(Clearwisdom.net) I had a small issue at work today with an anonymous performance evaluation. The first feedback I got said, "Clumsy work, and troublesome." My heart fell for a second. I felt something was not right. The second feedback I got stated, "Very frank." I felt a bit happy and thought, "I'm sure it was A who said a good word about me. I'll treat A well in the future. I'm sure it was B who said bad things about me, I've had it with her!" But then I became immediately wary and knew my thoughts were wrong. Master's words immediately came to mind,
"For a cultivator, all the frustrations he comes across among everyday people are trials, and all the compliments he receives are tests." ("A Cultivator is Naturally Part of It" from Essentials for Further Advancement)
I realized this was a test for me, and I needed to raise my xinxing. Recalling my first reaction, I looked inside and found many attachments: my strong attachment to recognition, hearing compliments and not liking criticism. My reaction showed my desire for recognition and reputation, and another attachment--strong emotions. I treated people according to ordinary people's mentality. I would treat a person well if he/she treats me well; otherwise I would treat them so-so. I lacked a compassionate mindset. Nevertheless, reading my colleagues' feedback created such a huge reaction in me. I really had a severe setback in my cultivation.

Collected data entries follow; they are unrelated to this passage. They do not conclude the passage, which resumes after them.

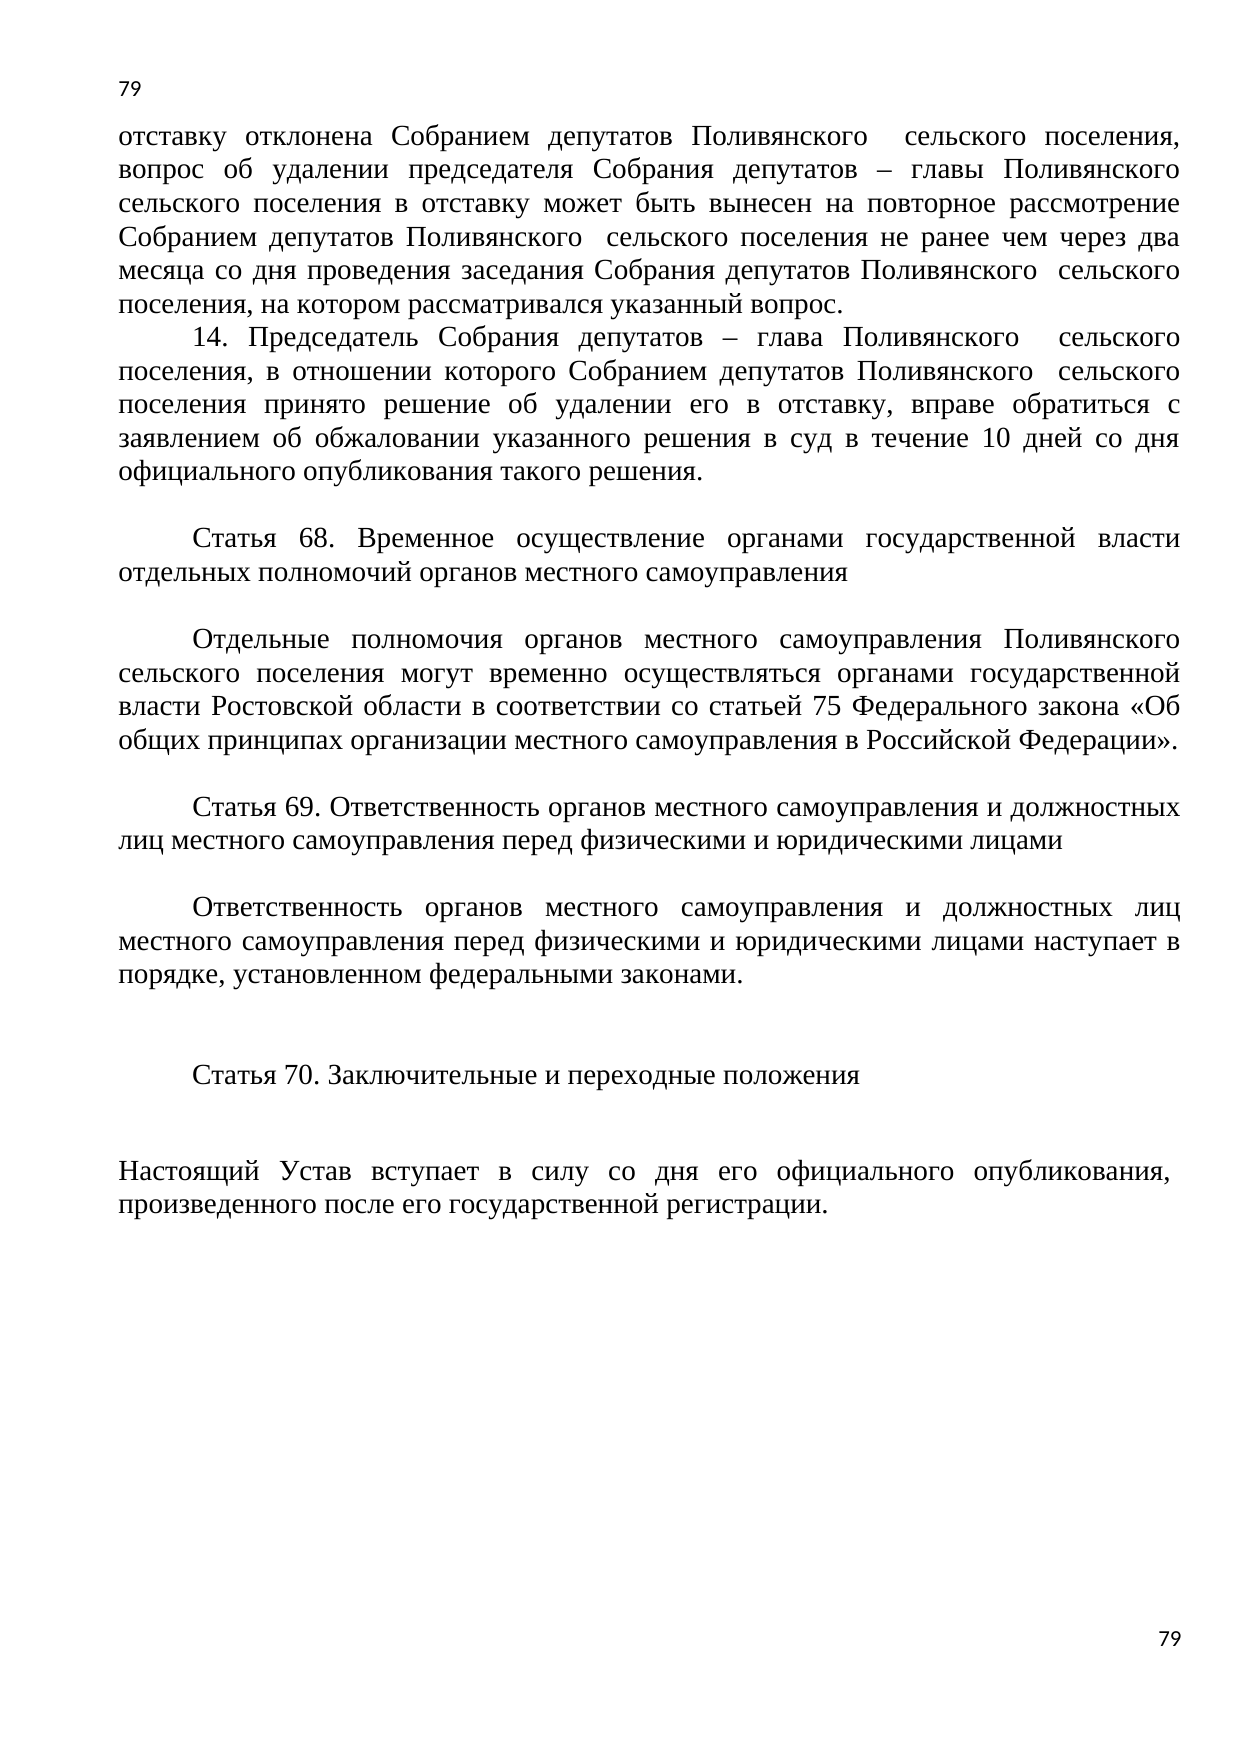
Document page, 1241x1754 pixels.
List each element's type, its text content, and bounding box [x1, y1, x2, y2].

text отставку отклонена Собранием депутатов Поливянского сельского поселения, вопрос об удалении председателя Собрания депутатов – главы Поливянского сельского поселения в отставку может быть вынесен на повторное рассмотрение Собранием депутатов Поливянского сельского поселения не ранее чем через два месяца со дня проведения заседания Собрания депутатов Поливянского сельского поселения, на котором рассматривался указанный вопрос. [118, 118, 1181, 319]
text Статья 70. Заключительные и переходные положения [118, 1057, 1181, 1091]
text Статья 69. Ответственность органов местного самоуправления и должностных лиц местного самоуправления перед физическими и юридическими лицами [118, 789, 1181, 856]
text Настоящий Устав вступает в силу со дня его официального опубликования, произведенного после его государственной регистрации. [118, 1153, 1172, 1220]
text Ответственность органов местного самоуправления и должностных лиц местного самоуправления перед физическими и юридическими лицами наступает в порядке, установленном федеральными законами. [118, 889, 1181, 990]
text Статья 68. Временное осуществление органами государственной власти отдельных полномочий органов местного самоуправления [118, 521, 1181, 588]
text Отдельные полномочия органов местного самоуправления Поливянского сельского поселения могут временно осуществляться органами государственной власти Ростовской области в соответствии со статьей 75 Федерального закона «Об общих принципах организации местного самоуправления в Российской Федерации». [118, 621, 1181, 755]
text 14. Председатель Собрания депутатов – глава Поливянского сельского поселения, в отношении которого Собранием депутатов Поливянского сельского поселения принято решение об удалении его в отставку, вправе обратиться с заявлением об обжаловании указанного решения в суд в течение 10 дней со дня официального опубликования такого решения. [118, 319, 1181, 487]

Reflections over the next few days made me aware that my looking inward had merely amounted to a superficial examination of my thoughts. I often tended to say something when I saw others' good or bad actions and did not check myself to see if I had the same issue when I saw others' shortcomings. Reading Master's lectures also gave me the impression that this applied to others, but not me. This put me outside of Dafa. Whenever I read the Fa, I should put myself in the Fa and not exclude myself from the Fa; that is true cultivation.
In addition, sometimes my work was clumsy, like my coworker pointed out. I had this problem since childhood, but now it was impacting my validation of Dafa. Because I do things a bit carelessly, other practitioners don't really trust me. Whenever they give me truth-clarifying materials, they always remind me to pay attention to security. My attitude of doing things could impact the relationship among practitioners. Who wants to be around a person who is not focused? I would not want to go with an unconcerned person either to validate the Fa. My manner created big pressure for practitioners.

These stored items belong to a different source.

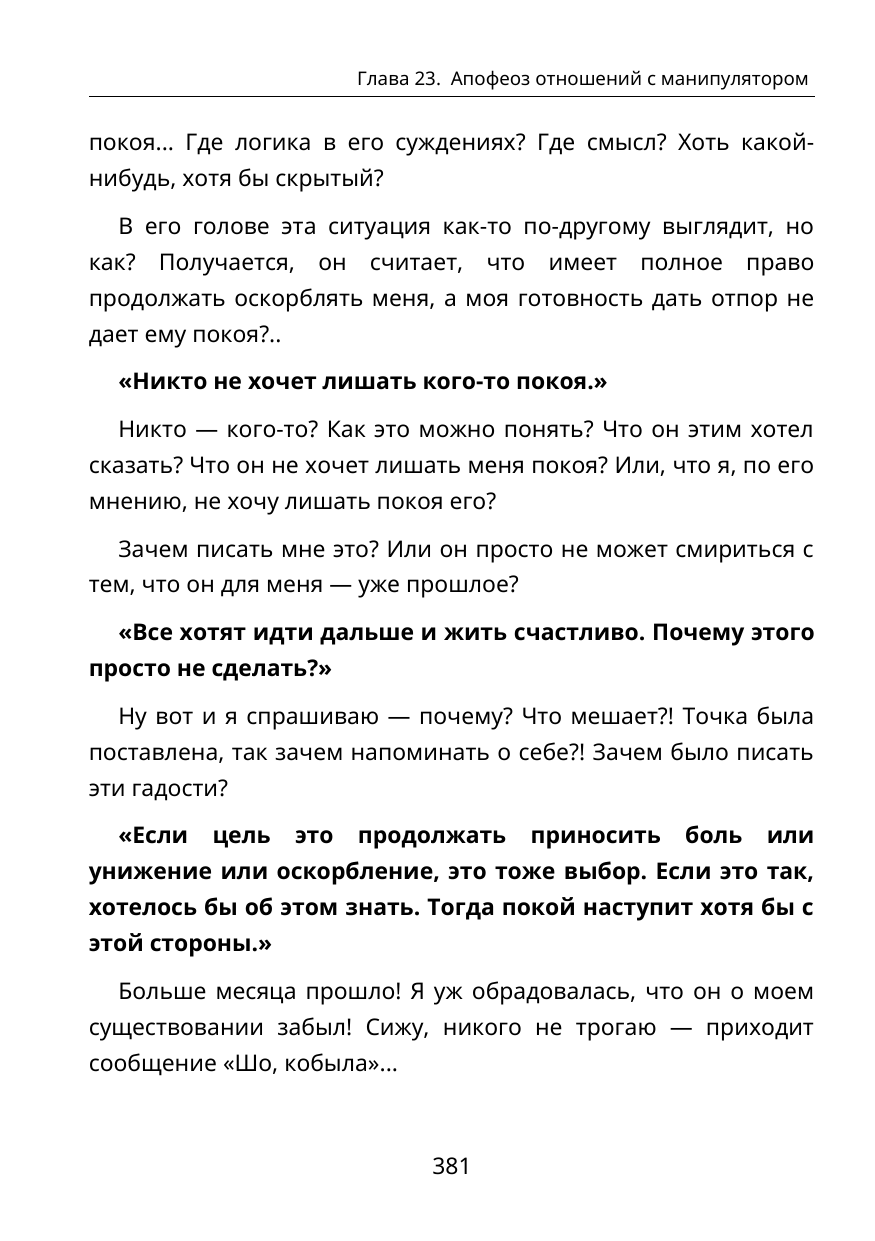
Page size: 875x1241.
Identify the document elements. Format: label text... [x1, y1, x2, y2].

text покоя... Где логика в его суждениях? Где смысл? Хоть какой-нибудь, хотя бы скрытый? [88, 126, 815, 193]
text Зачем писать мне это? Или он просто не может смириться с тем, что он для меня — уже прошлое? [88, 532, 815, 600]
text «Если цель это продолжать приносить боль или унижение или оскорбление, это тоже выбор. Если это так, хотелось бы об этом знать. Тогда покой наступит хотя бы с этой стороны.» [88, 819, 815, 958]
text «Все хотят идти дальше и жить счастливо. Почему этого просто не сделать?» [88, 616, 815, 683]
text «Никто не хочет лишать кого-то покоя.» [88, 365, 815, 396]
text Никто — кого-то? Как это можно понять? Что он этим хотел сказать? Что он не хочет лишать меня покоя? Или, что я, по его мнению, не хочу лишать покоя его? [88, 413, 815, 516]
text Ну вот и я спрашиваю — почему? Что мешает?! Точка была поставлена, так зачем напоминать о себе?! Зачем было писать эти гадости? [88, 700, 815, 803]
text Больше месяца прошло! Я уж обрадовалась, что он о моем существовании забыл! Сижу, никого не трогаю — приходит сообщение «Шо, кобыла»... [88, 975, 815, 1078]
text В его голове эта ситуация как-то по-другому выглядит, но как? Получается, он считает, что имеет полное право продолжать оскорблять меня, а моя готовность дать отпор не дает ему покоя?.. [88, 210, 815, 349]
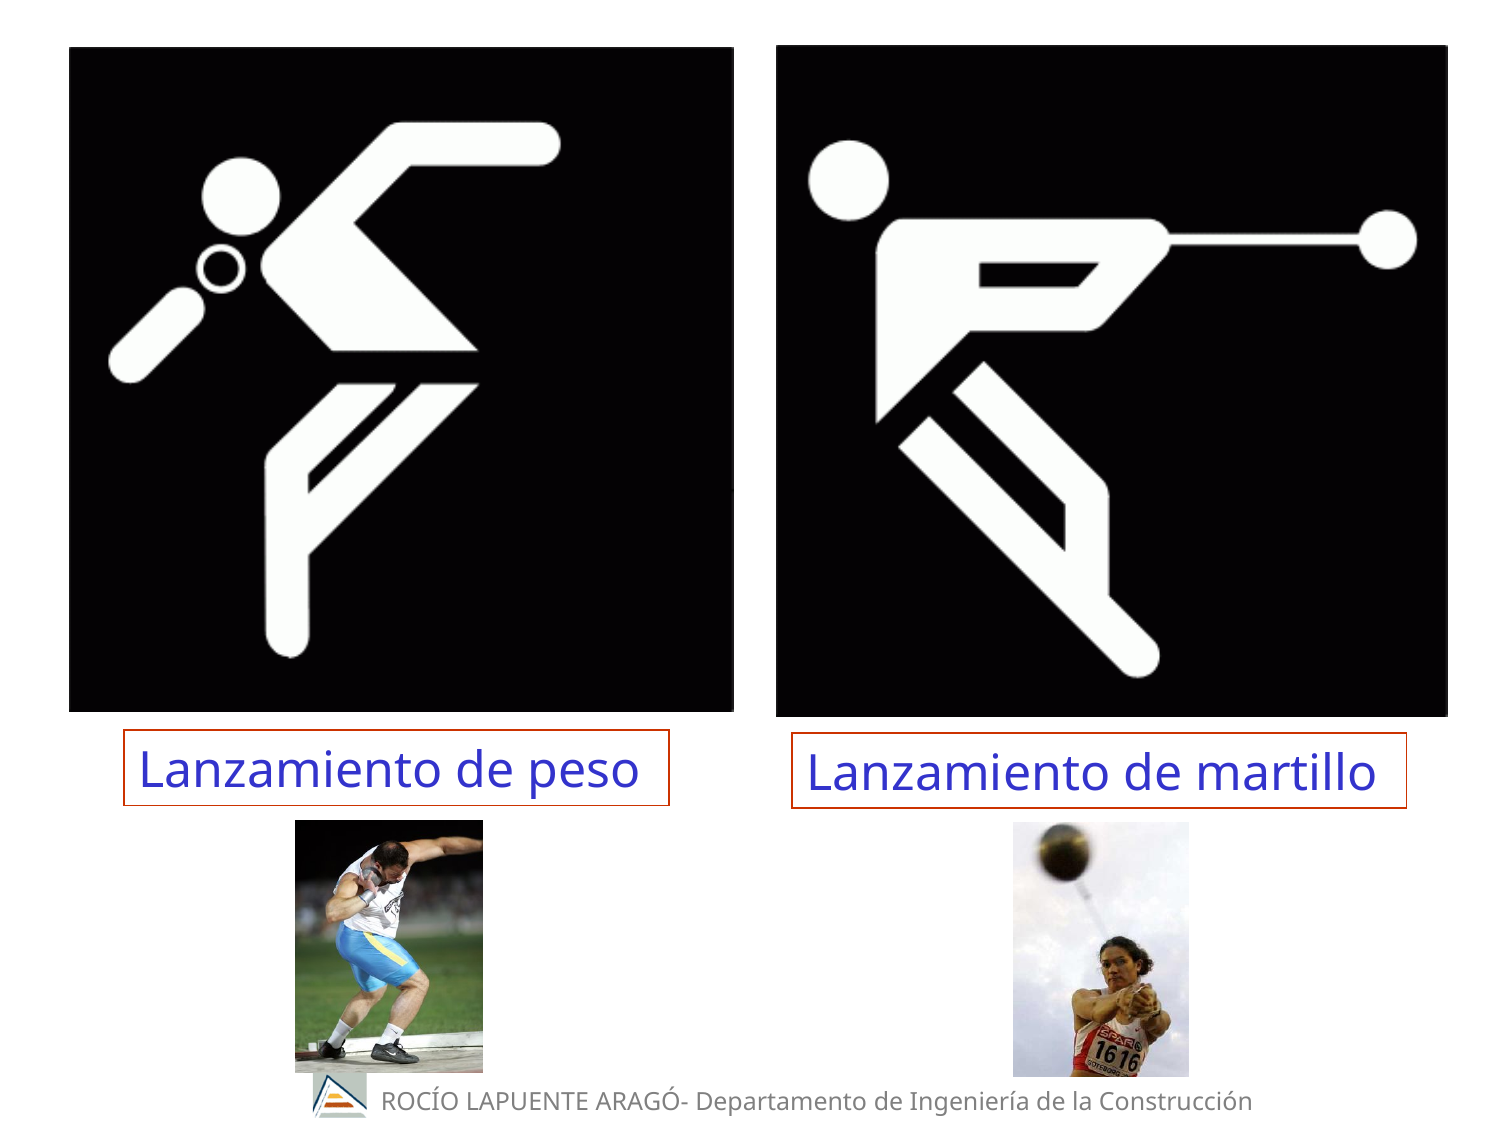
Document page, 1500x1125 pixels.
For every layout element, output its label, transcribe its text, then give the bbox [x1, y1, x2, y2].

picture [1013, 822, 1189, 1077]
picture [776, 45, 1448, 717]
text_box Lanzamiento de martillo [791, 732, 1407, 809]
picture [295, 820, 483, 1073]
picture [69, 47, 734, 712]
text_box Lanzamiento de peso [124, 730, 669, 806]

Digging deeper, I found that my unconcerned way of doing things and clumsiness is due to my attitude and mindset. I was not responsible to Dafa and to sentient beings. I lacked taking responsibility and accountability in my life.
I was born in China in the 1980's, when Communist culture prevailed, and had no education pertaining to traditional culture. My parents have been through many political movements in their lives and were afraid of such things. They learned how to survive under Communist rule. This survival skill gave them a self-centered mindset. They only taught me how to study well and obey the leaders, but never taught me to be responsible, not even basic responsibilities. If someone in China is truly responsible to the country and to others, this could lead them to be confronted with a dangerous situation. That is why, since childhood, my parents only taught me how to protect myself and never taught me to be a truly responsible person.
Reading another practitioner's article on responsibility the other day made me aware of this issue at the right time. Because I lacked responsibility, I could take things for granted; when doing truth-clarifying work I lacked a pure mindset, thinking as long as I was doing it, I was okay.
I have wasted much time after thousands of years of waiting, simply because I was irresponsible. This led to many attachments and issues I had not been aware of. After I thought this through, I sent righteous thoughts to clean up the bad things inside me and determined to do well in the future.
This is my personal experience and understanding; please compassionately point out any shortcomings.